Consultant Microbiologist should be consulted to advise on the duration of synergistic gentamicin at the following times:

• Within 72 hours of starting antibiotic therapy
• At 1 week of therapy, if continuation of gentamicin is being considered at that point
• If the patient is causing concern (e.g. failure to respond, evidence of toxicity; see below)
• If discharge/OPAT is being considered (N.B. there are alternatives to synergistic gentamicin if patients are being discharged via OPAT)

In general, synergistic gentamicin therapy should continue for up to 2 weeks, except in the case of enterococcal IE when it may be given for 2-6 weeks on microbiology/ID advice.

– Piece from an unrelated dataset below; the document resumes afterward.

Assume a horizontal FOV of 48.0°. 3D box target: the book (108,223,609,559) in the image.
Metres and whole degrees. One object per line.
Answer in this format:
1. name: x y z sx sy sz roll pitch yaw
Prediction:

The addition of synergistic gentamicin in staphylococcal native valve IE is no longer routinely recommended as it increases renal toxicity without evidence of additional benefit.

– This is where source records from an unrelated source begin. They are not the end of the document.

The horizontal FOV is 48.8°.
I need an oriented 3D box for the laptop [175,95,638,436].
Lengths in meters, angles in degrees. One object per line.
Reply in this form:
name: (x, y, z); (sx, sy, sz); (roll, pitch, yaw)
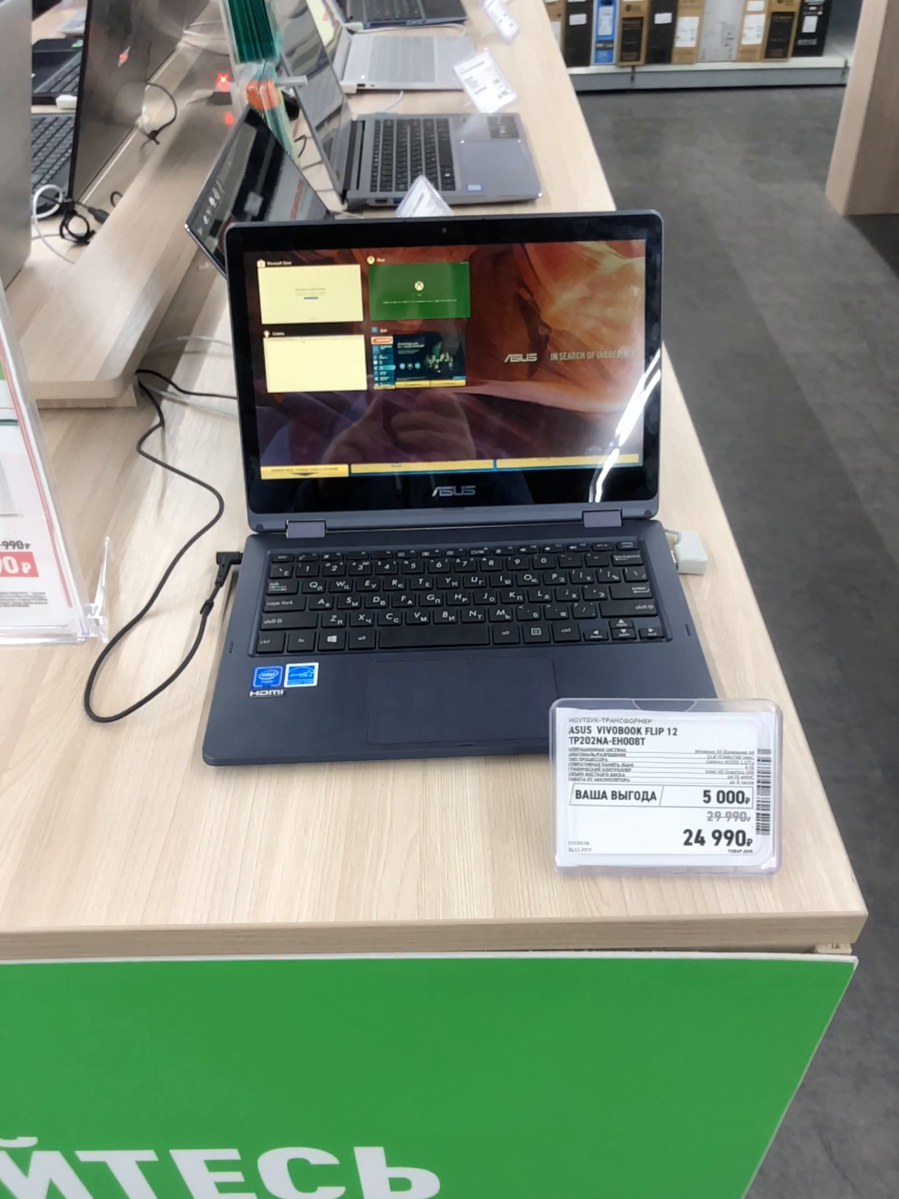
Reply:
laptop: (-0.025, -0.274, 0.791); (0.298, 0.162, 0.262); (-1, 41, 0)

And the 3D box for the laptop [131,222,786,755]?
laptop: (0.002, -0.078, 0.568); (0.269, 0.166, 0.281); (-2, 41, -1)

If a patient is switched from full treatment dose gentamicin to synergistic dosing (without a significant break in therapy) then the days of full dose gentamicin therapy WOULD count towards the intended synergistic course duration.

Gentamicin can cause nephrotoxicity and ototoxicity (cochlear and vestibular). The risk of gentamicin toxicity increases with increasing duration of therapy.

Nephrotoxicity

• Monitor creatinine daily. Seek advice from pharmacy if renal function is unstable (e.g. a change in creatinine of >15-20%).
• Be alert for and react to any signs of renal toxicity e.g. increasing creatinine, decreased urine output/oliguria.
• Discuss the ongoing need for gentamicin with microbiology/ID if the patient has signs of worsening renal function.

Ototoxicity

• Gentamicin-induced ototoxicity occurs independently of drug concentration.
• Toxicity is usually associated with prolonged gentamicin use (usually >7 days, however it may occur sooner) and is secondary to accumulation of drug within the inner ear.
• Ototoxicity is suggested by any of the following: new tinnitus, dizziness, poor balance, hearing loss, oscillating vision.
• Patients prescribed gentamicin should be advised to report signs of ototoxicity (see below regarding the Patient Information Leaflet which should be issued to the patient). Patients should be asked regularly about any signs and symptoms of ototoxicity and this should be documented in the case notes.
• If gentamicin continues for >7 days the patient should be referred to audiology for ongoing audiometry testing and the case re-discussed with microbiology or ID. Contact the local audiology department directly to confirm their referral method/requirements.
• If ototoxicity is suspected STOP gentamicin treatment and refer to microbiology/ID for advice on ongoing therapy.

All patients prescribed synergistic gentamicin should be given a copy of the NHSB Gentamicin Patient Information Leaflet ‘Information for adult patients about intravenous gentamicin’ at the earliest opportunity. This should be documented in the relevant section of the Synergistic Gentamicin Administration and Monitoring Chart. If this is not possible the reasons for non-issue of the leaflet should be recorded on the chart.